Copyright 2016 American Medical Association. All rights reserved.
Development and Validation of a Deep Learning Algorithm
for Detection of Diabe tic Retinopathy
in Re tinal Fundus Photographs
Varun Gulshan, PhD; Lily Peng, MD, PhD; Marc Coram, PhD; Martin C. Stumpe, PhD; Derek Wu, BS; Arunachalam Narayanaswamy, PhD;
Subhashini Venugopalan, MS; Kasumi Widner, MS; Tom Madams, MEng; Jorge Cuadros, OD, PhD; Ramasamy Kim, OD, DNB;
Rajiv Raman, MS, DNB; Philip C. Nelson, BS; Jessica L. Mega, MD, MPH; Dale R. Webster, PhD
IMPORTANCE
Deep learning is a family of computational methods that allow an algorithm to
program itself by learning from a large set of examples that demonstrate the desired
behavior, removing the need to specify rules explicitly. Application of these methods to
medical imaging requires further assessment and validation.
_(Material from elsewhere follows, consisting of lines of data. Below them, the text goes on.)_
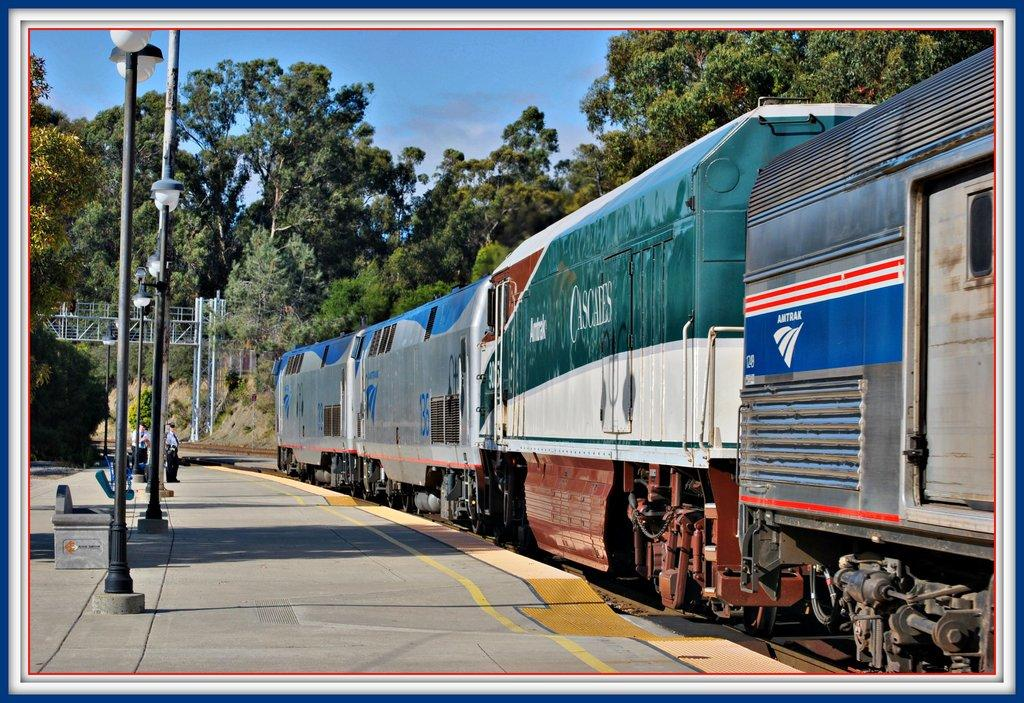What can be seen in the sky in the image? The sky is visible in the image, but no specific details about the sky can be determined from the provided facts. What type of vegetation is present in the image? There are trees in the image. What type of transportation infrastructure is present in the image? There is a railway station and railway tracks in the image. What other structures can be seen in the image? There are poles, lights, and benches in the image. What mode of transportation is present in the image? There is a train in the image. What type of pipe is visible in the image? There is no pipe present in the image. What type of branch is holding the train in the image? There is no branch holding the train in the image; the train is on the railway tracks. 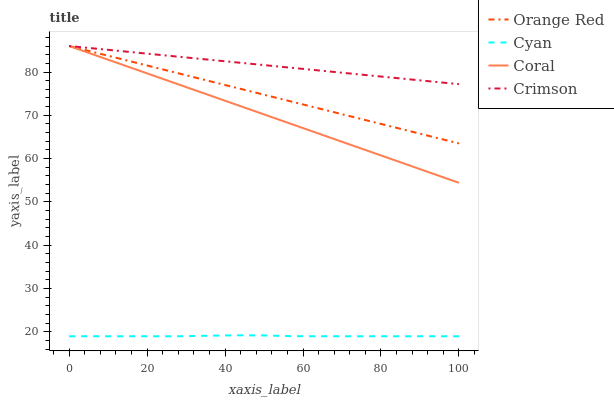Does Cyan have the minimum area under the curve?
Answer yes or no. Yes. Does Crimson have the maximum area under the curve?
Answer yes or no. Yes. Does Coral have the minimum area under the curve?
Answer yes or no. No. Does Coral have the maximum area under the curve?
Answer yes or no. No. Is Coral the smoothest?
Answer yes or no. Yes. Is Cyan the roughest?
Answer yes or no. Yes. Is Cyan the smoothest?
Answer yes or no. No. Is Coral the roughest?
Answer yes or no. No. Does Cyan have the lowest value?
Answer yes or no. Yes. Does Coral have the lowest value?
Answer yes or no. No. Does Orange Red have the highest value?
Answer yes or no. Yes. Does Cyan have the highest value?
Answer yes or no. No. Is Cyan less than Orange Red?
Answer yes or no. Yes. Is Crimson greater than Cyan?
Answer yes or no. Yes. Does Orange Red intersect Crimson?
Answer yes or no. Yes. Is Orange Red less than Crimson?
Answer yes or no. No. Is Orange Red greater than Crimson?
Answer yes or no. No. Does Cyan intersect Orange Red?
Answer yes or no. No. 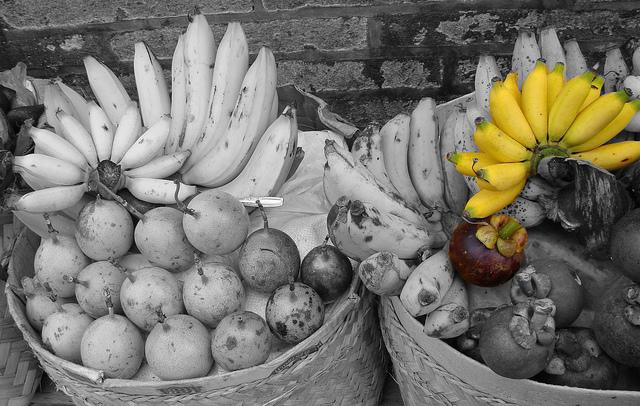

OBJECTIVE To apply deep learning to create an algorithm for automated detection of diabetic
retinopathy and diabetic macular edema in retinal fundus photographs.
DESIGN AND SETTING A specific type of neural network optimized for image classification
called a deep convolutional neural network was trained using a retrospective development
data set of 128 175 retinal images, which were graded 3 to 7 times for diabetic retinopathy,
diabetic macular edema, and image gradability by a panel of 54 US licensed ophthalmologists
and ophthalmology senior residents between May and December 2015. The resultant
algorithm was validated in January and February 2016 using 2 separate data sets, both
graded by at least 7 US board-certified ophthalmologists with high intragrader consistency.
EXPOSURE Deep learning–trained algorithm.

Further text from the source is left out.